We are enjoying the aftermath of an all-grandkid weekend: fatigue, muscle cramps and a blue bucket filled with cicada shells by the back door. We will rebound shortly. Thanksgiving sounds about right.

The spirit is willing, but the flesh is weak—especially when you are outnumbered 11 to 2.

Our strategy is to wear them out before they wear us out. In intense heat, this means water, an inflatable pool, hoses, sprinkler heads, water blasters, water balloons, races and relays, whatever it takes. There’s nothing like blistering sunshine and high humidity to level the playing field between youth and age.

Step one is to borrow our daughter’s three-tiered inflatable pool because our pool has been trashed. She crams their pool in the back of their vehicle, hauls it to our house, where we drag it out of her vehicle, lug it through the garage into the backyard, unfold the monstrosity, then call for a search party to locate the electric pump.

The pump is in the driveway filling basketballs. Thump-thump. Thump-thump. Thump-thump. The neighbors love our get-togethers.

Meanwhile in the backyard, kids are filling water balloons. It is going as planned; they are all expending energy.

Little ones howl that they don’t have any water balloons because the bigger kids are hogging the hose. Older ones, now armed with water balloons the size of watermelons, target beloved cousins as well as grandparents.

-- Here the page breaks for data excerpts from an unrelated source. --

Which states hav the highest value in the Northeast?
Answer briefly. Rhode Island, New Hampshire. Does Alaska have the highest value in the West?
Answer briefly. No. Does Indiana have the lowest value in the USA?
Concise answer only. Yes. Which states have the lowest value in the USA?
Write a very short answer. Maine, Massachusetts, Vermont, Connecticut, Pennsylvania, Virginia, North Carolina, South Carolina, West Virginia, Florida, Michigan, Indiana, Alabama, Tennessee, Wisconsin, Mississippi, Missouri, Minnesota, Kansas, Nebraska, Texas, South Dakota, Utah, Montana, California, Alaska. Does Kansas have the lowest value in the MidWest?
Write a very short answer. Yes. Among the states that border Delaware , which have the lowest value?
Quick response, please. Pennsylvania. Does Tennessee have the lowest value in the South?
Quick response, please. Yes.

Balloons burst spraying dime-size metallic discs into the air like Roman candles on the Fourth of July. It is raining metallic confetti. The entire yard sparkles. We have a backyard with bling. I wonder if they can see this from the Space Station. It shouldn’t be long before the starlings and red-tailed hawks arrive.

Silly me. I put out a call for balloons and someone sent confetti balloons. I will absolutely return the favor.

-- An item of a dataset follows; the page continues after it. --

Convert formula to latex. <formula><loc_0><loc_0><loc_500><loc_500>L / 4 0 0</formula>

Water balloons spiral out of control at the same time someone asks for bug spray, another yells she didn’t get sunscreen, another needs bandages and someone else wants me to look at a red welt on her shoulder from a water balloon.

“It’s not bad,” I say. “I’ll dig that confetti out later.”

We begin a game where kids divide onto teams and compete to pick up the most marbles with their toes from a large tub of water. This buys us four, maybe five, minutes – enough time to resume normal breathing.

Water balloons commence again. Someone in the pool yells that someone deliberately splashed them. Two starlings and a hawk position themselves in a maple tree eyeing the yard and perhaps some of the smaller children.

Somebody tugs on my shirt and asks, “When’s lunch?”

They’re gaining on us. We pull out the big guns—the frozen T-shirt contest. You drench an adult T-shirt in two cups of water, fold it into a square, place it in a plastic bag and freeze it for 48 hours. Each team must unfold the frozen T-shirt and put it on a team member.

They are expending incredible amounts of energy. Look at them struggle! They’re pulling, straining, and clawing at the frozen shirts. We’re gaining on them now!

Why, yes, I would enjoy a refreshing glass of iced tea while sitting in the shade.

It was a good day and an exhausting day.

They say I nodded off 10 minutes into the movie after dinner.